Unlike the Dexter camping site, Fort Davis is a camp which cries out its lack of material affluence, even in its overall appearance. Most of it is comprised of tent frames, such as the ones we used in Buck Creek at the tin mining camp. Usually a ten by twelve heavy duck canvas tent is used for the wooden platform for the floor and base of the permanent frame. Then there are the five or six wooden and sheet metal cabins, not much larger than the tents. Each camp is equipped with the merest necessities. The wood stove for the cabins suffices, and usually a half oil drum fitted with stove pipes, is used for the tents. To keep the tent from the hot stove pipe, a wire is bent into a "safety," shaped like a daisy, and sewn to the tent cloth. The ubiquitous Standard Oil kerosene container box is used for camp furniture, makeshift cupboards, grub boxes, and work tables.
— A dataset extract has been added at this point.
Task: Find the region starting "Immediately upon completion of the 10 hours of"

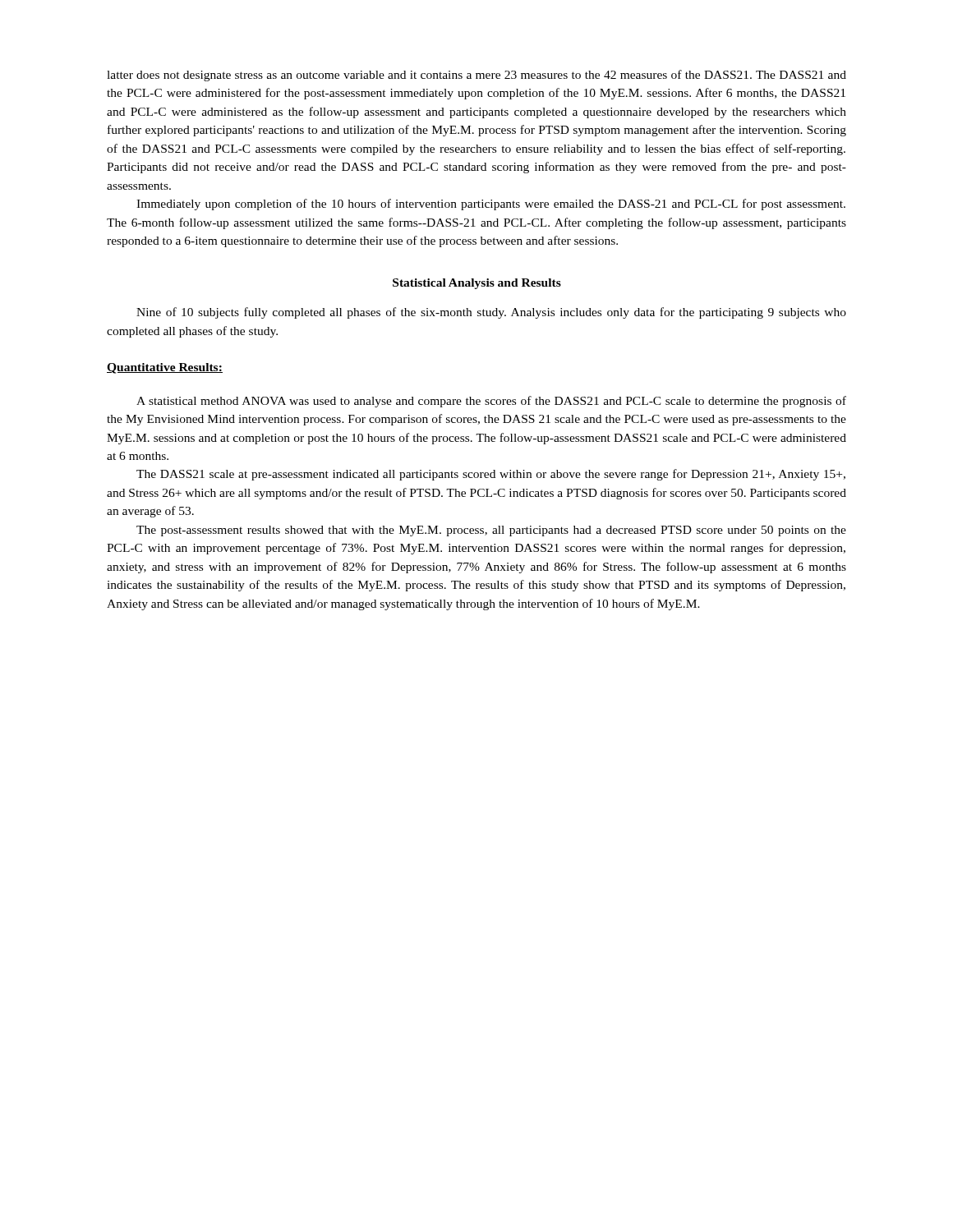Action: pos(476,223)

For all the impoverishment that shows through the people and the buildings of the city of Nome, the poverty as it appears in a fish camp cannot readily be dismissed as a final determination of the state of the Eskimo in Nome. A family that can afford the tent, the fishing seine, the boat, and the camping gear, is in fact a happy family that can make use of the native instincts of living off the land. And so the months of June, July, August, and September are celebrated by men such as Dad, as a time when they can still feel a part of the ages-old traditions from which they came. To catch a sufficient supply of fish at the camps near Nome, is hard work. First of all, one spends a lot of menial labor through low-paying unskilled work, to save enough for the material used. The cheapest seine net runs to about fifty dollars without floats and weights, rope and repair materials. The rowboat amounts to another hundred dollars. Accessories for the boat: oarlocks, oars, motor, gas tanks, costs another two hundred dollars. Hip boots, clothing, and transportation to the camp site are also costly. Once these items are acquired, there is the matter of their upkeep. Indeed, it often becomes questionable as to whether "subsistence fishing" is practical. Usually, those who spend week-ends and summer vacations at Ft. Davis are the older Eskimos and their infant grandchildren who need to be looked after. The young people are in Nome, not really learning anything, except the futility of labor in a ghost town.
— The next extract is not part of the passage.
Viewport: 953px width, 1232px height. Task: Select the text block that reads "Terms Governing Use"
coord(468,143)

In this manner, the typical Nome Eskimo family today is split, not only into a generation gap, but into widely separated age groups. The infant grandchildren, a good number of them illegitimate, are raised from toddlers to school age by their grandparents, in the most Eskimo way possible. Then comes the inevitable tragedy - the schooling which excludes their grandparents' life style, the classmates who are quick to make stabbing judgments, and the general apathy of the whole community. All these factors hit the youngster a blow upon his most sensitive spot, his pride and the good memories of the quiet days at the fish camps. Good days, with fresh, clean air, outdoor games, kindness in relationships, and some degree of security. Thus the youngster is almost doomed to relive the same breaking-away point that his young parents have experienced some fifteen years earlier. There is no explosion of tempers, no irate parents who write to editors or try to let congressmen know of the problem. No newspapers dwell upon the problems of the Eskimo youth. There is only the silent antagonism shown by the campers, who feel that they are themselves doomed to extinction as a hunter-fishing people.
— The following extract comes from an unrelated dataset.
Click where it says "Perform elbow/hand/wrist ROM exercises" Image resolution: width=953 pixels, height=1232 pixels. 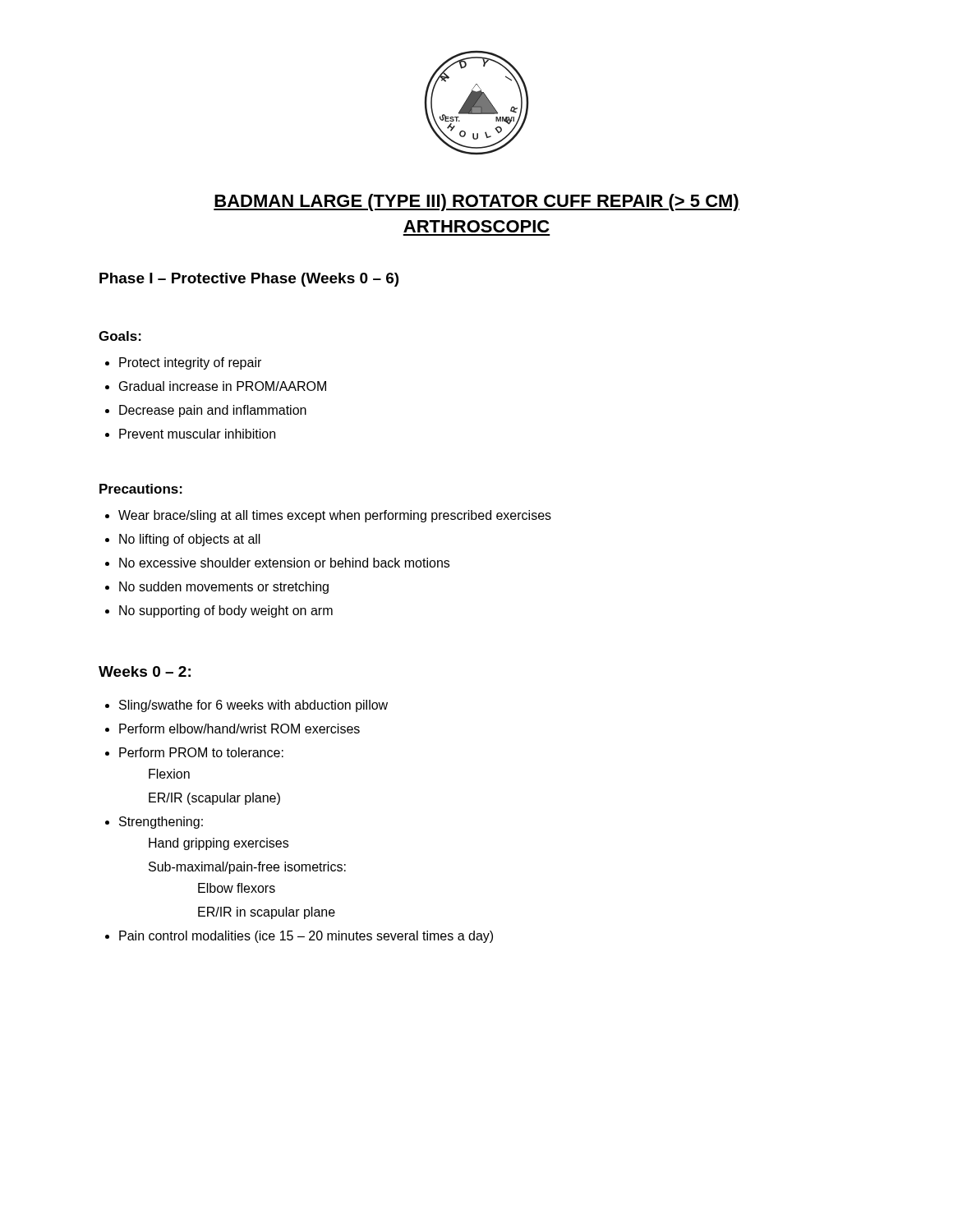239,729

In truth, the Eskimo youth wants the best of both cultures: his ancestral culture, and that of the Western society. On one hand, he feels cheated because both cultures are tearing at him and he has no standards on the basis of which he can made good choices. And on the other hand, he sees mainly the negative side of the Eskimo culture, and cannot fail to see the negative side of the European-based culture. His best instincts tell him that it must be possible to blend the two. Young, impatient, lacking in education and opportunities, who can blame him if he finds himself in a corner and cannot choose wisely!